## EXERCISE DETAILS
The entries that follow should be reproduced exactly, with no images carried over.

## DATA TO USE

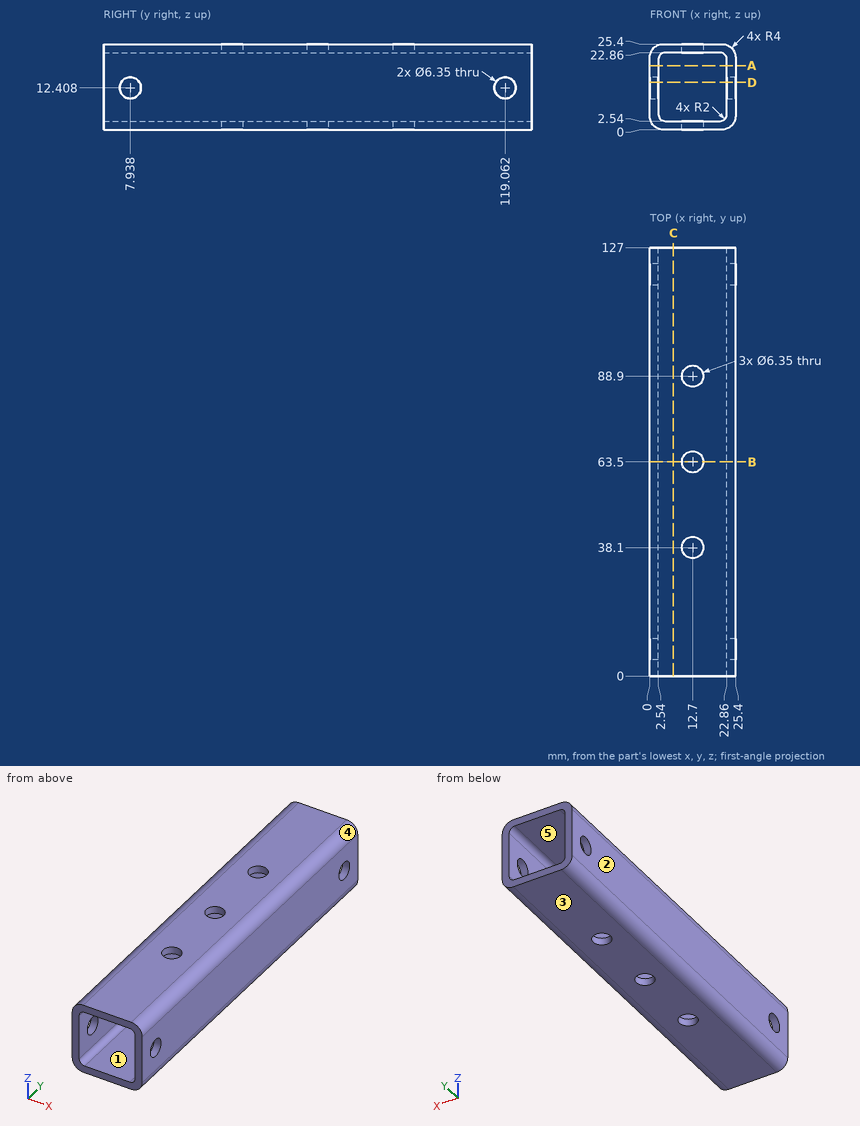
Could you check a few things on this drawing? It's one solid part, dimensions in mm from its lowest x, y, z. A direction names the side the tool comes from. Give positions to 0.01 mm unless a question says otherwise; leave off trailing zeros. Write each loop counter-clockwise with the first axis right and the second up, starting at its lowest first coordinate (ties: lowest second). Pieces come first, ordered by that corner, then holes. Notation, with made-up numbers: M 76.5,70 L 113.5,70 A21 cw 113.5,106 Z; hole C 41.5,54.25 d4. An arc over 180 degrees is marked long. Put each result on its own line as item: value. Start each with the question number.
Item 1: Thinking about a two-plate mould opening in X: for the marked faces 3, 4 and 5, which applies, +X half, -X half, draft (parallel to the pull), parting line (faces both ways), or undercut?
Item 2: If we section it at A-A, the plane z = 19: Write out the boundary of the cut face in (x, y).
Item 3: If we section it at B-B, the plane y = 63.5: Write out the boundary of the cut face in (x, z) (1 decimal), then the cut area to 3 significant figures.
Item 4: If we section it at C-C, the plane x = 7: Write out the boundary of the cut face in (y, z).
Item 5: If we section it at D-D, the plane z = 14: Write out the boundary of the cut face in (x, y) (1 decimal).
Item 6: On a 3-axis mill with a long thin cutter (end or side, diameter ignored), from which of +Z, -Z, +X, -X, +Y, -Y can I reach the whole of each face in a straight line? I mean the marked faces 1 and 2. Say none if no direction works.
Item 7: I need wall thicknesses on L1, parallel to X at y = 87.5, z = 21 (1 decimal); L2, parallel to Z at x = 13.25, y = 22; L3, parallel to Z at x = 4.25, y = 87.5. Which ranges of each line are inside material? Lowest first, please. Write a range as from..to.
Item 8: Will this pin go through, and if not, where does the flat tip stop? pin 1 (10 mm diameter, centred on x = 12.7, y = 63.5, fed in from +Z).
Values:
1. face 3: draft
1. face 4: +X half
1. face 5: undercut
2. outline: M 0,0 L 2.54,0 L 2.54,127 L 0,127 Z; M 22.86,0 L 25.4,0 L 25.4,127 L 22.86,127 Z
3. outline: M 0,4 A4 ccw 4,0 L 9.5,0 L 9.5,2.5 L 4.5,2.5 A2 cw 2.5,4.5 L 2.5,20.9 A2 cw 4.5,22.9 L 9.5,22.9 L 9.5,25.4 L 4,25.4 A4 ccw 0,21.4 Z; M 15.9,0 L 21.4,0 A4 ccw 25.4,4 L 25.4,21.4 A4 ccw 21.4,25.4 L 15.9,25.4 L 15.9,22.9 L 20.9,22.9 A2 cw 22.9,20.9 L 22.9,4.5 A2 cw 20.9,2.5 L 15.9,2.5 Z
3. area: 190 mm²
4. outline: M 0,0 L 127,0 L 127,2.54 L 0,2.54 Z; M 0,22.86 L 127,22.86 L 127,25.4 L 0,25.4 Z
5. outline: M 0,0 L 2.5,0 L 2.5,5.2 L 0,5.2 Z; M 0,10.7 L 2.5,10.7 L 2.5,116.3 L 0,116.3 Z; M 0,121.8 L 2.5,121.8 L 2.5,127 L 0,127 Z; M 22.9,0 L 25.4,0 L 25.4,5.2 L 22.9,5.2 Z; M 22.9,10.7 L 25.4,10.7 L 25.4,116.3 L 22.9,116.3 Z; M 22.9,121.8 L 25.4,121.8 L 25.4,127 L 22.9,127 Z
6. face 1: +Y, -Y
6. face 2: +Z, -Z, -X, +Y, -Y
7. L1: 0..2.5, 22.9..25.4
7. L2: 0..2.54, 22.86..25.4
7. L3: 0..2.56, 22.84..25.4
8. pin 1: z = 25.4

## RESULT OF THE EXERCISE
Could you check a few things on this drawing? It's one solid part, dimensions in mm from its lowest x, y, z. A direction names the side the tool comes from. Give positions to 0.01 mm unless a question says otherwise; leave off trailing zeros. Write each loop counter-clockwise with the first axis right and the second up, starting at its lowest first coordinate (ties: lowest second). Pieces come first, ordered by that corner, then holes. Notation, with made-up numbers: M 76.5,70 L 113.5,70 A21 cw 113.5,106 Z; hole C 41.5,54.25 d4. An arc over 180 degrees is marked long. Put each result on its own line as item: value. Start each with the question number.
Item 1: Thinking about a two-plate mould opening in X: for the marked faces 3, 4 and 5, which applies, +X half, -X half, draft (parallel to the pull), parting line (faces both ways), or undercut?
Item 2: If we section it at A-A, the plane z = 19: Write out the boundary of the cut face in (x, y).
Item 3: If we section it at B-B, the plane y = 63.5: Write out the boundary of the cut face in (x, z) (1 decimal), then the cut area to 3 significant figures.
Item 4: If we section it at C-C, the plane x = 7: Write out the boundary of the cut face in (y, z).
Item 5: If we section it at D-D, the plane z = 14: Write out the boundary of the cut face in (x, y) (1 decimal).
Item 6: On a 3-axis mill with a long thin cutter (end or side, diameter ignored), from which of +Z, -Z, +X, -X, +Y, -Y can I reach the whole of each face in a straight line? I mean the marked faces 1 and 2. Say none if no direction works.
Item 7: I need wall thicknesses on L1, parallel to X at y = 87.5, z = 21 (1 decimal); L2, parallel to Z at x = 13.25, y = 22; L3, parallel to Z at x = 4.25, y = 87.5. Which ranges of each line are inside material? Lowest first, please. Write a range as from..to.
Item 8: Will this pin go through, and if not, where does the flat tip stop? pin 1 (10 mm diameter, centred on x = 12.7, y = 63.5, fed in from +Z).
Values:
1. face 3: draft
1. face 4: +X half
1. face 5: undercut
2. outline: M 0,0 L 2.54,0 L 2.54,127 L 0,127 Z; M 22.86,0 L 25.4,0 L 25.4,127 L 22.86,127 Z
3. outline: M 0,4 A4 ccw 4,0 L 9.5,0 L 9.5,2.5 L 4.5,2.5 A2 cw 2.5,4.5 L 2.5,20.9 A2 cw 4.5,22.9 L 9.5,22.9 L 9.5,25.4 L 4,25.4 A4 ccw 0,21.4 Z; M 15.9,0 L 21.4,0 A4 ccw 25.4,4 L 25.4,21.4 A4 ccw 21.4,25.4 L 15.9,25.4 L 15.9,22.9 L 20.9,22.9 A2 cw 22.9,20.9 L 22.9,4.5 A2 cw 20.9,2.5 L 15.9,2.5 Z
3. area: 190 mm²
4. outline: M 0,0 L 127,0 L 127,2.54 L 0,2.54 Z; M 0,22.86 L 127,22.86 L 127,25.4 L 0,25.4 Z
5. outline: M 0,0 L 2.5,0 L 2.5,5.2 L 0,5.2 Z; M 0,10.7 L 2.5,10.7 L 2.5,116.3 L 0,116.3 Z; M 0,121.8 L 2.5,121.8 L 2.5,127 L 0,127 Z; M 22.9,0 L 25.4,0 L 25.4,5.2 L 22.9,5.2 Z; M 22.9,10.7 L 25.4,10.7 L 25.4,116.3 L 22.9,116.3 Z; M 22.9,121.8 L 25.4,121.8 L 25.4,127 L 22.9,127 Z
6. face 1: +Y, -Y
6. face 2: +Z, -Z, -X, +Y, -Y
7. L1: 0..2.5, 22.9..25.4
7. L2: 0..2.54, 22.86..25.4
7. L3: 0..2.56, 22.84..25.4
8. pin 1: z = 25.4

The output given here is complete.